What you have to do:
Without any pictures, the records below should be reproduced exactly.

Source information:
********

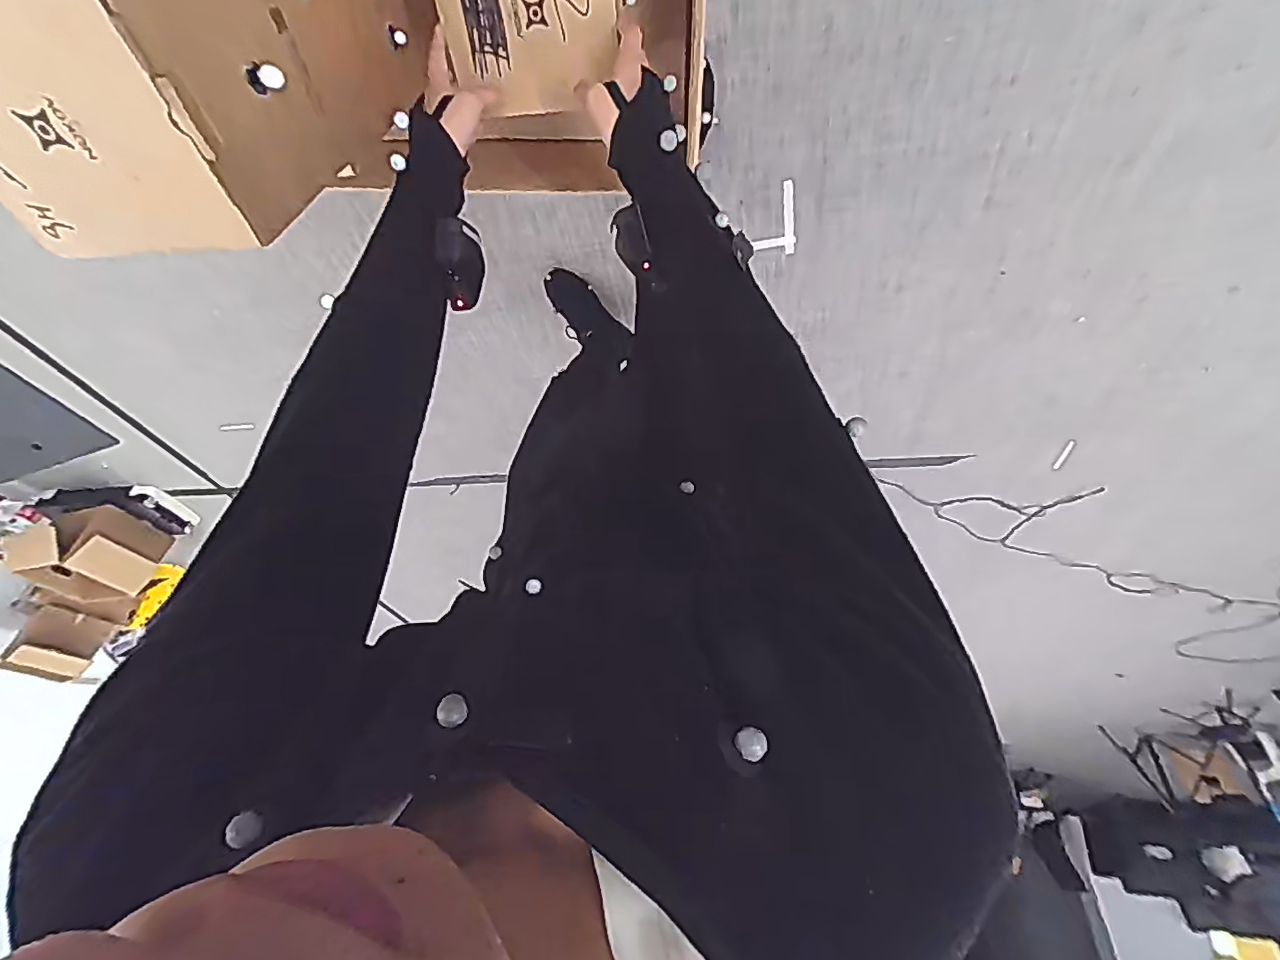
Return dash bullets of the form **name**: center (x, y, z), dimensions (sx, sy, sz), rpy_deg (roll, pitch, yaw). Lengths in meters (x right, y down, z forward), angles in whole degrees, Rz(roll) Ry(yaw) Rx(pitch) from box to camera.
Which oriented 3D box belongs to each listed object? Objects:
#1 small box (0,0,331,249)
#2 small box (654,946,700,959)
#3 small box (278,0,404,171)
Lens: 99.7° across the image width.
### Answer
- **small box**: center (-0.358, -0.288, 0.389), dimensions (0.179, 0.176, 0.168), rpy_deg (0, 141, 5)
- **small box**: center (0.150, 2.011, 2.182), dimensions (0.179, 0.176, 0.168), rpy_deg (-2, 142, 12)
- **small box**: center (-0.347, -0.411, 0.497), dimensions (0.168, 0.176, 0.179), rpy_deg (1, 142, 4)

********

Task result:
Return dash bullets of the form **name**: center (x, y, z), dimensions (sx, sy, sz), rpy_deg (roll, pitch, yaw). Lengths in meters (x right, y down, z forward), angles in whole degrees, Rz(roll) Ry(yaw) Rx(pitch) from box to camera.
Which oriented 3D box belongs to each listed object? Objects:
#1 small box (0,0,331,249)
#2 small box (654,946,700,959)
#3 small box (278,0,404,171)
Lens: 99.7° across the image width.
### Answer
- **small box**: center (-0.358, -0.288, 0.389), dimensions (0.179, 0.176, 0.168), rpy_deg (0, 141, 5)
- **small box**: center (0.150, 2.011, 2.182), dimensions (0.179, 0.176, 0.168), rpy_deg (-2, 142, 12)
- **small box**: center (-0.347, -0.411, 0.497), dimensions (0.168, 0.176, 0.179), rpy_deg (1, 142, 4)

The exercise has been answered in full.